My solution is similar, except instead of using the newer `spread`

syntax, I opted for the classical `apply`

function.

```
function sumAll(arr) {
var n1 = Math.min.apply(null, arr);
var n2 = Math.max.apply(null, arr);
return ((n2 + n1) * (n2 - n1 + 1)) / 2;
}
```

3 Likes

I also thought the reduce method should be used. I agree the code examples here without it are simpler hence a good practice.
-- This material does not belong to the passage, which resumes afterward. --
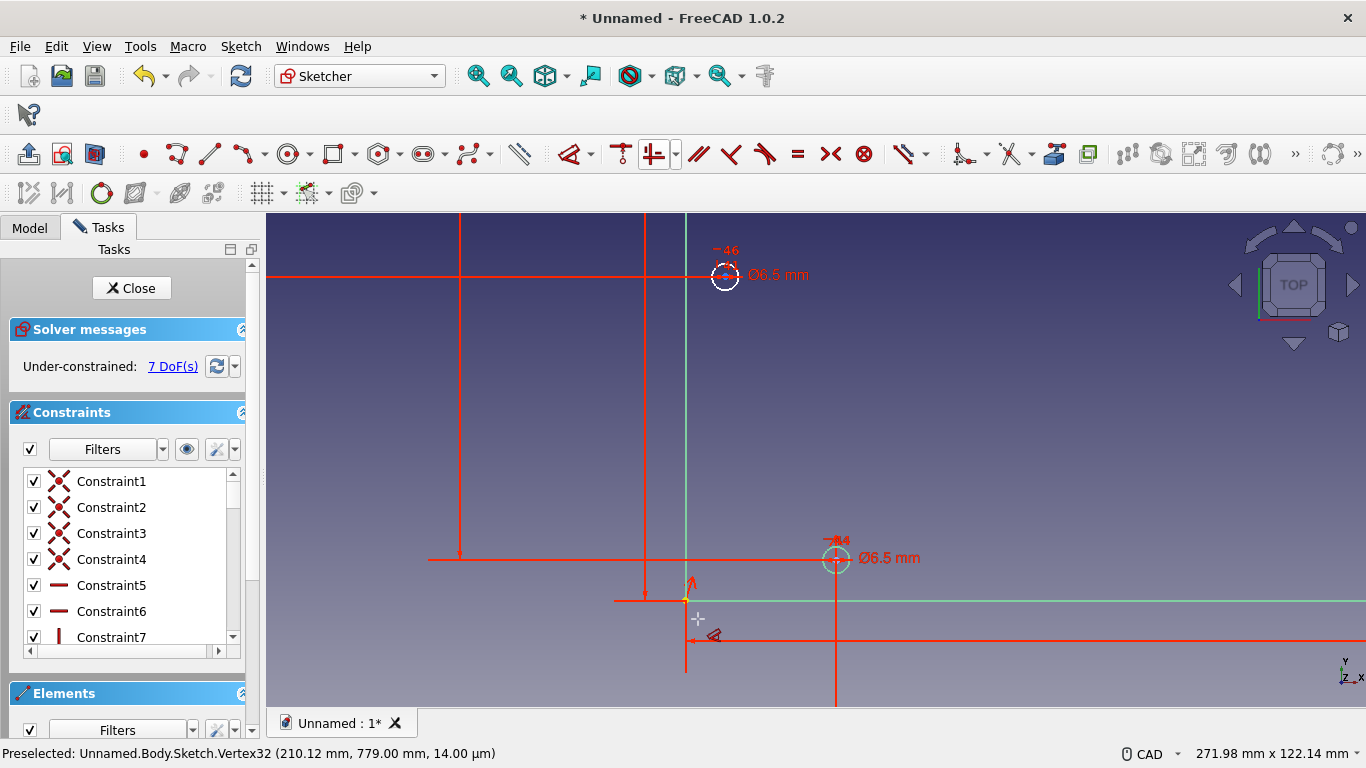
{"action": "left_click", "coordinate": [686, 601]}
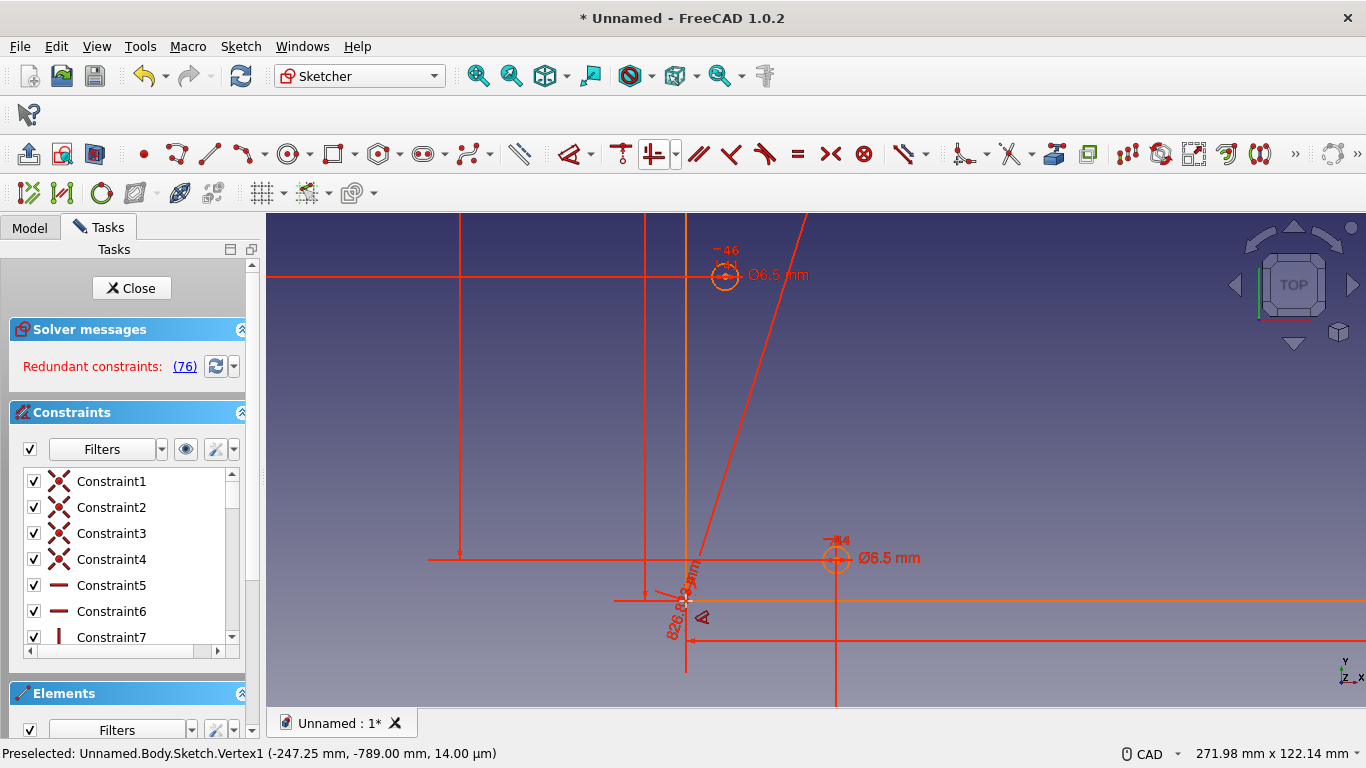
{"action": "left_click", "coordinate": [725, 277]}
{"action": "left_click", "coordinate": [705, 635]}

But it was fun learning more about the reduce method:

function sumAll(arr) {

var newArr = [];

newArr[0] = Math.min(…arr);

var i = Math.min(…arr);

var j=0;

while (i<Math.max(arr[0],arr[1])){

newArr[++j] = ++i;

}

return newArr.reduce(function(acc, val){

return acc + val;

},0);

}

This is my solution :

function sumAll(arr) {

var max = Math.max(arr[0], arr[1]);

var min = Math.min(arr[0], arr[1]);

var newArr = [];

for (i=min; i<=max; i++) {

newArr.push(i);

}

return newArr.reduce(function(a, b) {

return a + b;

});

}

sumAll([5, 10]);

```
This is my code for this freecodecamp exercise:
```

I used reduce and it helped a lot.

function sumAll(arr) {

```
var max = arr.reduce(function(a, b) {
return Math.max(a, b);
});
var min = arr.reduce(function(a, b) {
return Math.min(a, b);
});
var temp = 0;
for(var i = min; i < max + 1; i++) {
temp += i;
console.log(temp);
}
return temp;
```

}

sumAll([4, 1]);

You are not alone Look at mine

1 Like

My solution:

```
function sumAll(arr) {
//sort array so lowest comes first
arr.sort(function(a,b){
return b < a;
});
//create sum variable and assyign total sum of arr to it
var sum = arr.reduce(function(acc, num){
return acc + num;
});
//check if we need to add the sum of number between first and last element of an array
if(arr[0] !== arr[1]){
//create second array to store numbers between first and last element of an array
var arr2 = [];
var index = arr[0]+1;//set the index
while(index < arr[1]){
arr2.push(index);//add between numbers to arr2
index++;
}
//assyign sum of arr to sum of arr2
sum += arr2.reduce(function(acc, num){
return acc + num;
});
}
return sum;
}
//test
sumAll([1, 4]);
```

Here I am my code using the .sort method and a for loop.

function sumAll(arr) {

var sumArr = 0, sortArr = arr.sort(function(a,b){

return a - b;

});

for(var i = sortArr[0]; i < sortArr[1]; i += 2){

sumArr += i + (i + 1);

}

return sumArr;

}

sumAll([10, 5]);

But sincerely , if the suggestion to using reduce() is for learning then solution should include it. Remember its a leanring environment . As one who teaches at a university I cannot give my students a hint then not use it. It causes confusion and frustrates learners.